### [To do]
Find the line below that contains "1434, 1087, 1473]". Transcribe it and every line after it exactly, adding nothing.

Top of Data to use

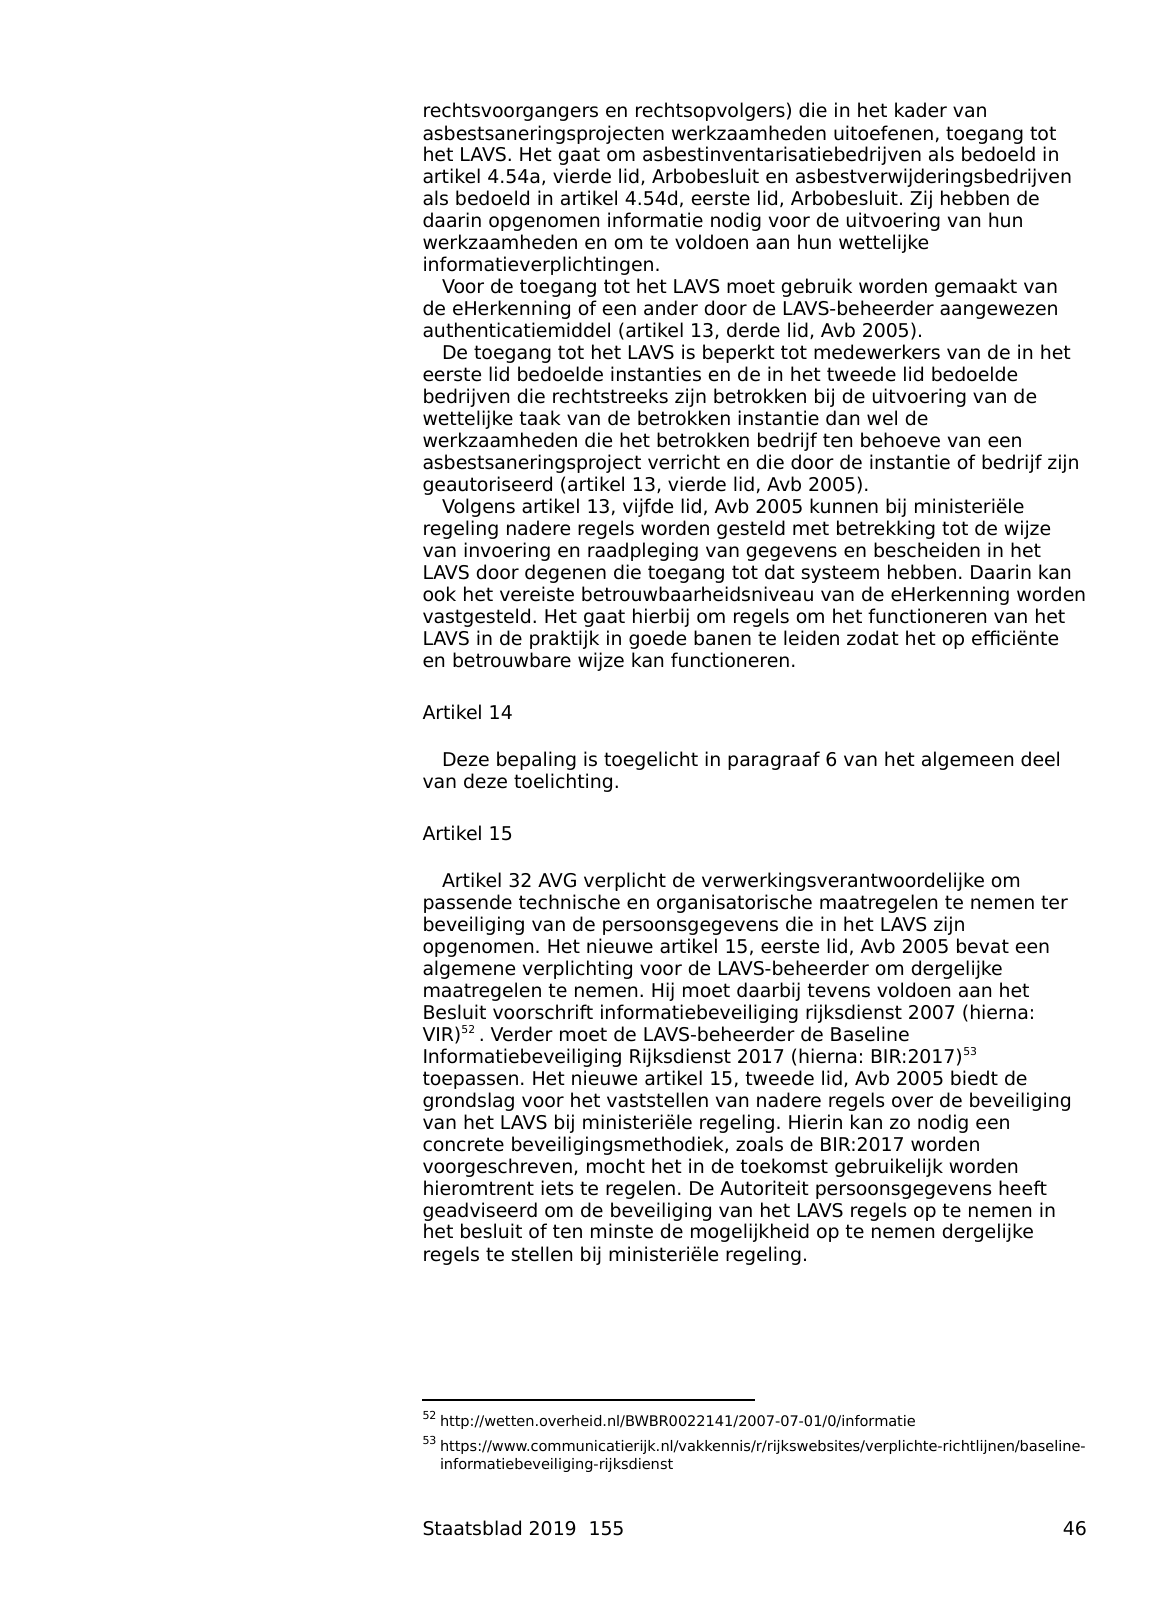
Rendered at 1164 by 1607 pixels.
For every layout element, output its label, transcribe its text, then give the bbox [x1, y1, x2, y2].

text Volgens artikel 13, vijfde lid, Avb 2005 kunnen bij ministeriële regeling nadere regels worden gesteld met betrekking tot de wijze van invoering en raadpleging van gegevens en bescheiden in het LAVS door degenen die toegang tot dat systeem hebben. Daarin kan ook het vereiste betrouwbaarheidsniveau van de eHerkenning worden vastgesteld. Het gaat hierbij om regels om het functioneren van het LAVS in de praktijk in goede banen te leiden zodat het op efficiënte en betrouwbare wijze kan functioneren. [422, 496, 1087, 672]
text Artikel 32 AVG verplicht de verwerkingsverantwoordelijke om passende technische en organisatorische maatregelen te nemen ter beveiliging van de persoonsgegevens die in het LAVS zijn opgenomen. Het nieuwe artikel 15, eerste lid, Avb 2005 bevat een algemene verplichting voor de LAVS-beheerder om dergelijke maatregelen te nemen. Hij moet daarbij tevens voldoen aan het Besluit voorschrift informatiebeveiliging rijksdienst 2007 (hierna: VIR). Verder moet de LAVS-beheerder de Baseline Informatiebeveiliging Rijksdienst 2017 (hierna: BIR:2017) toepassen. Het nieuwe artikel 15, tweede lid, Avb 2005 biedt de grondslag voor het vaststellen van nadere regels over de beveiliging van het LAVS bij ministeriële regeling. Hierin kan zo nodig een concrete beveiligingsmethodiek, zoals de BIR:2017 worden voorgeschreven, mocht het in de toekomst gebruikelijk worden hieromtrent iets te regelen. De Autoriteit persoonsgegevens heeft geadviseerd om de beveiliging van het LAVS regels op te nemen in het besluit of ten minste de mogelijkheid op te nemen dergelijke regels te stellen bij ministeriële regeling. [422, 870, 1087, 1265]
text Voor de toegang tot het LAVS moet gebruik worden gemaakt van de eHerkenning of een ander door de LAVS-beheerder aangewezen authenticatiemiddel (artikel 13, derde lid, Avb 2005). [422, 276, 1087, 342]
text https://www.communicatierijk.nl/vakkennis/r/rijkswebsites/verplichte-richtlijnen/baseline-informatiebeveiliging-rijksdienst [422, 1434, 1087, 1473]
text Deze bepaling is toegelicht in paragraaf 6 van het algemeen deel van deze toelichting. [422, 749, 1087, 793]
text De toegang tot het LAVS is beperkt tot medewerkers van de in het eerste lid bedoelde instanties en de in het tweede lid bedoelde bedrijven die rechtstreeks zijn betrokken bij de uitvoering van de wettelijke taak van de betrokken instantie dan wel de werkzaamheden die het betrokken bedrijf ten behoeve van een asbestsaneringsproject verricht en die door de instantie of bedrijf zijn geautoriseerd (artikel 13, vierde lid, Avb 2005). [422, 342, 1087, 496]
subtitle Artikel 15 [422, 823, 1087, 845]
text http://wetten.overheid.nl/BWBR0022141/2007-07-01/0/informatie [422, 1409, 1087, 1431]
text rechtsvoorgangers en rechtsopvolgers) die in het kader van asbestsaneringsprojecten werkzaamheden uitoefenen, toegang tot het LAVS. Het gaat om asbestinventarisatiebedrijven als bedoeld in artikel 4.54a, vierde lid, Arbobesluit en asbestverwijderingsbedrijven als bedoeld in artikel 4.54d, eerste lid, Arbobesluit. Zij hebben de daarin opgenomen informatie nodig voor de uitvoering van hun werkzaamheden en om te voldoen aan hun wettelijke informatieverplichtingen. [422, 100, 1087, 276]
subtitle Artikel 14 [422, 702, 1087, 724]

Bottom of Data to use

### [Response for this exercise]
text https://www.communicatierijk.nl/vakkennis/r/rijkswebsites/verplichte-richtlijnen/baseline-informatiebeveiliging-rijksdienst [422, 1434, 1087, 1473]
text Deze bepaling is toegelicht in paragraaf 6 van het algemeen deel van deze toelichting. [422, 749, 1087, 793]
text De toegang tot het LAVS is beperkt tot medewerkers van de in het eerste lid bedoelde instanties en de in het tweede lid bedoelde bedrijven die rechtstreeks zijn betrokken bij de uitvoering van de wettelijke taak van de betrokken instantie dan wel de werkzaamheden die het betrokken bedrijf ten behoeve van een asbestsaneringsproject verricht en die door de instantie of bedrijf zijn geautoriseerd (artikel 13, vierde lid, Avb 2005). [422, 342, 1087, 496]
subtitle Artikel 15 [422, 823, 1087, 845]
text http://wetten.overheid.nl/BWBR0022141/2007-07-01/0/informatie [422, 1409, 1087, 1431]
text rechtsvoorgangers en rechtsopvolgers) die in het kader van asbestsaneringsprojecten werkzaamheden uitoefenen, toegang tot het LAVS. Het gaat om asbestinventarisatiebedrijven als bedoeld in artikel 4.54a, vierde lid, Arbobesluit en asbestverwijderingsbedrijven als bedoeld in artikel 4.54d, eerste lid, Arbobesluit. Zij hebben de daarin opgenomen informatie nodig voor de uitvoering van hun werkzaamheden en om te voldoen aan hun wettelijke informatieverplichtingen. [422, 100, 1087, 276]
subtitle Artikel 14 [422, 702, 1087, 724]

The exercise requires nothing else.